To realize its full potential for processing large datasets in a high-throughput fashion, the label-free quantification pipeline was adapted for use on a powerful computing cluster. Based on a software framework for workflow management, an automated workflow implementing the label-free pipeline, applicable to distributed computing, was created. The connection to a data management system gives this workflow access to LC-MS/MS raw data and allows the traceable storage of processing results. Further, a web interface for the configuration and submission of label-free analyses was designed, and a software module that supports aspects of workflow development was implemented.

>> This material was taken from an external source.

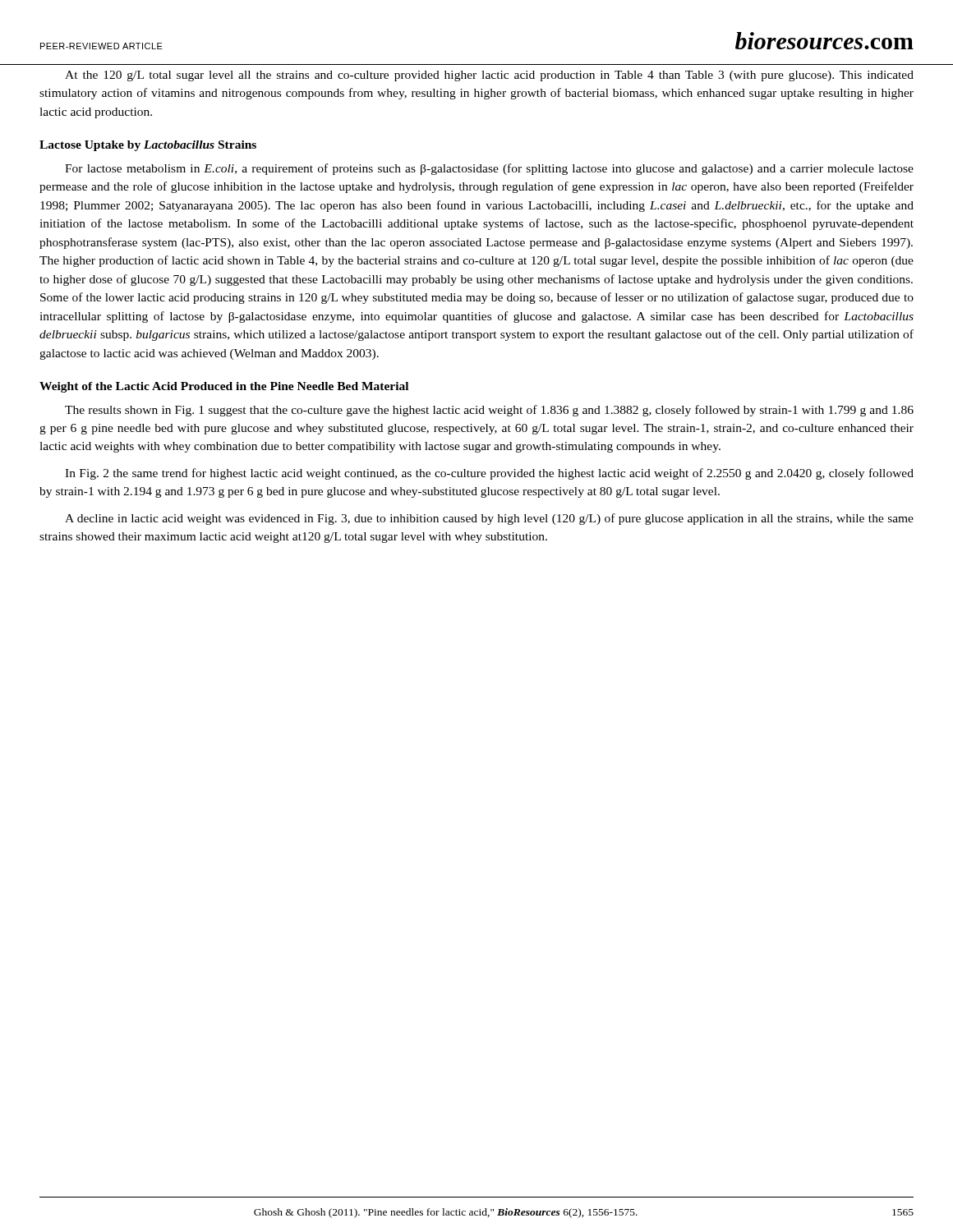Where is the passage that starts "In Fig. 2 the same trend for"?
The height and width of the screenshot is (1232, 953).
476,482
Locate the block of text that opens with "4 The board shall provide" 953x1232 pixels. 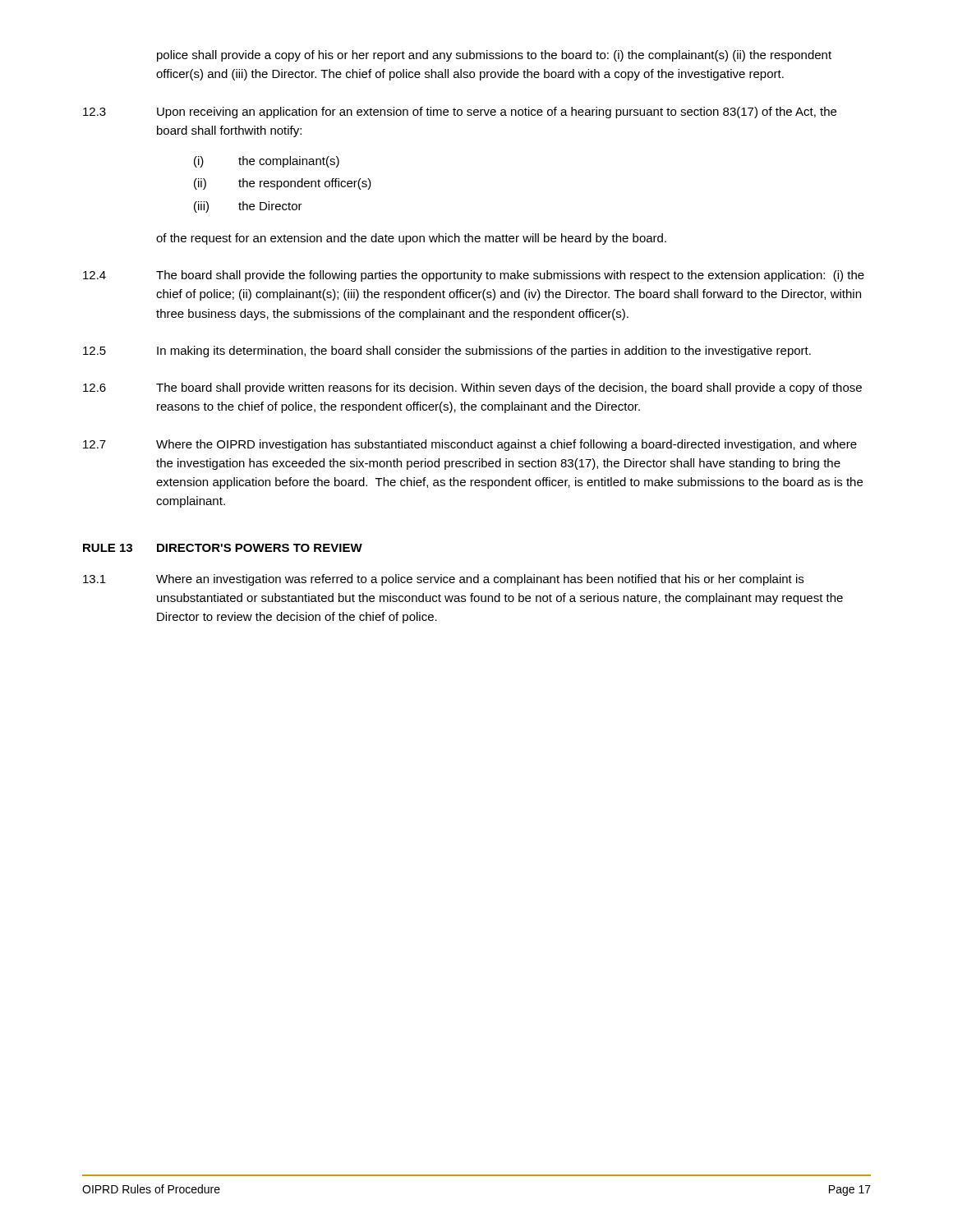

This thesis also presents two biological studies in which the label-free quantification pipeline was applied. Both studies investigate the proteome of the bacterium Streptococcus pyogenes. S. pyogenes is an important pathogen that causes a variety of diseases ranging from mild (superficial skin and throat infections) to severe and life-threatening (necrotizing fasciitis, toxic shock syndrome). The use of shotgun mass spectrometry in connection with the labelfree quantification pipeline allowed the reliable analysis of a large part of the S. pyogenes proteome over 800 proteins in both studies. The first investigation focused on the adaptation of S. pyogenes to growth in the presence of human blood plasma, and found a marked downregulation of proteins required for fatty acid biosynthesis. The uptake of fatty acids from plasma, mediated by the binding of a fatty acid-carrying human protein (albumin) to specific proteins on the bacterial surface, allows S. pyogenes to conserve energy by reducing its internal production, as follow-up experiments could clarify.

The second study compared two S. pyogenes strains, a virulent wild-type and a hypervirulent mutant strain, under 26 different growth conditions. The analysis focused on the impact of increased virulence on the proteome of the bacterium. The results highlight specific protein expression patterns in the hypervirulent strain for virulence factors and for transcriptional regulators, largely confirming previous findings. Further, a remarkable downregulation of the protein biosynthesis machinery in the hypervirulent mutant strain was observed for a broad range of conditions, matching an apparent growth deficit of the mutant bacteria.

These applications illustrate the power and utility of mass spectrometry-based proteomics strategies in general, and of shotgun approaches combined with the OpenMS label-free quantification pipeline in particular.